Reduce API Requests for Sync

I’m using rclone to backup a folder with lots of small files to S3 every 30 minutes. I’m paying ~100x for requests (primarily ListBucket and HeadObject) as I am for the actual storage. What’s the best way to reduce those requests?

One thought I had was to do a selective copy of files modified in the last X minutes, then follow-up with a full-sync daily to catch any files that were deleted. Are there better options?

–fast-list if you have the memory to store the listing will reduce the number ListBucket requests enormously.

–checksum or –size-only will stop rclone doing the HeadObject to read the modified time.

I should probably write this on the S3 docs page…

1 Like

Thanks for the response @ncw! Is it possible to use the same technique the awscli does for syncing?

A local file will require uploading if the size of the local file is different than the size of the s3 object, the last modified time of the local file is newer than the last modified time of the s3 object, or the local file does not exist under the specified bucket and prefix.

The ListBucket API provides all this info without using extra HeadObject.

Checksums and size-only are suboptimal for my use case (too slow and possibly inaccurate).

Interesting idea… You can’t set the modification time of an object once uploaded which is why rclone uses metadata to store its own last modified time.

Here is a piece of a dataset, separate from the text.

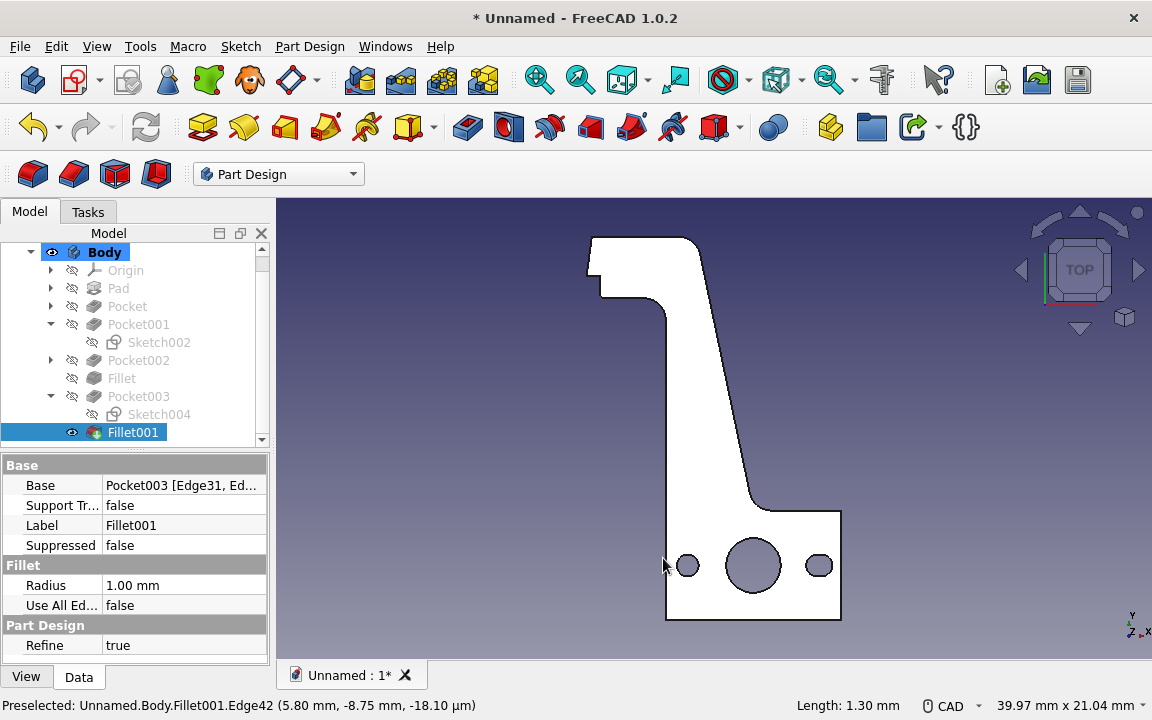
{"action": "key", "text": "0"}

This is so the time can be preserved when you restore the file and you can sync from multiple places.

However if all you are interested in is preserving the data the awscli method would work quite well.

Rclone has part of this already

-u, --update                              Skip files that are newer on the destination.

But that will read the modification time from the metadata.

If rclone had a flag - say --s3-use-server-modtime or something like that then you could use that with -u to get the effect you wanted. The flag would then use LastModified from the ListBucket API.

What do you think - would that be useful? If you think so then please make a new issue on github . Some ideas for what the flag should be called as well would be useful!

It could possibly be a global flag say --use-server-modtime as this could apply to several backends s3 and swift are two examples which come to mind immediately.